Cancer can result from several factors, a combination of both environmental and genetic. Although most tumours are sporadic and multifactorial, there are certain genetic abnormalities inherited from one or both parents which are present in almost all cells of the body, including sperm and eggs, which can therefore be passed on in a family.
 
Hereditary cancers are the result of germline mutations in specific genes which increase the chance of developing cancer.
 
Although being a carrier of a genetic mutation does not always imply that a person will develop cancer, it does make them more susceptible, these higher risk factors mean they must be monitored more closely.
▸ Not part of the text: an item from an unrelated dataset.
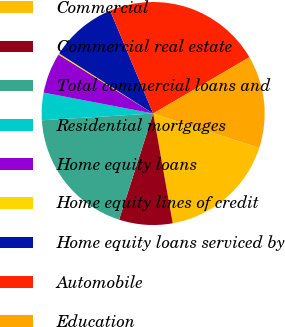<chart> <loc_0><loc_0><loc_500><loc_500><pie_chart><fcel>Commercial<fcel>Commercial real estate<fcel>Total commercial loans and<fcel>Residential mortgages<fcel>Home equity loans<fcel>Home equity lines of credit<fcel>Home equity loans serviced by<fcel>Automobile<fcel>Education<nl><fcel>17.2%<fcel>7.75%<fcel>19.09%<fcel>3.97%<fcel>5.86%<fcel>0.19%<fcel>9.64%<fcel>22.88%<fcel>13.42%<nl></chart> 
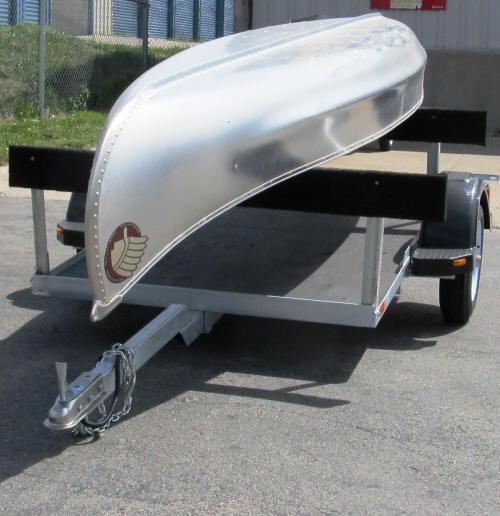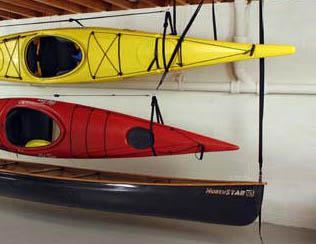The first image is the image on the left, the second image is the image on the right. Given the left and right images, does the statement "There is at least one green canoe visible" hold true? Answer yes or no. No. The first image is the image on the left, the second image is the image on the right. Considering the images on both sides, is "In one image, multiple canoes are on an indoor rack, while in the other image, a single canoe is outside." valid? Answer yes or no. Yes.

The most common Cancer Predisposition Syndromes are:
 

• Hereditary Breast and Ovarian Cancer Syndrome (HBOS), , due to the genes (BRCA1, BRCA2, PALB2, RAD51) which usually lead to breast, prostate, or pancreatic cancer.

 

• Lynch syndrome , (MLH1, MSH2, MSH6, PMS2) ) which lead to tumours including colorectal or ovarian tumours, and those of the urinary tract, stomach, and small intestine.

 

• Familial Adenomatous Polyposis, , (FAP) causing colorectal, duodenal, desmoid, stomach and pancreatic cancer and osteomas.

 

• Li- Fraumeni Syndrome, (TP53)which causes leukaemia, lymphoma, sarcoma, brain and breast tumours.

 

• Multiple Endocrine Neoplasia Type 1, , (MEN1) the origin of parathyroid adenomas, pituitary adenomas, neuroendocrine tumours.

 

• Multiple Endocrine Neoplasia Type 2, (MEN2) which causes medullary thyroid cancer, pheochromocytoma, and parathyroid adenomas.

 

• Von Hippel-Lindau , (VHL) que originan cáncer de riñón, hemangioblastomas, feocromocitomas.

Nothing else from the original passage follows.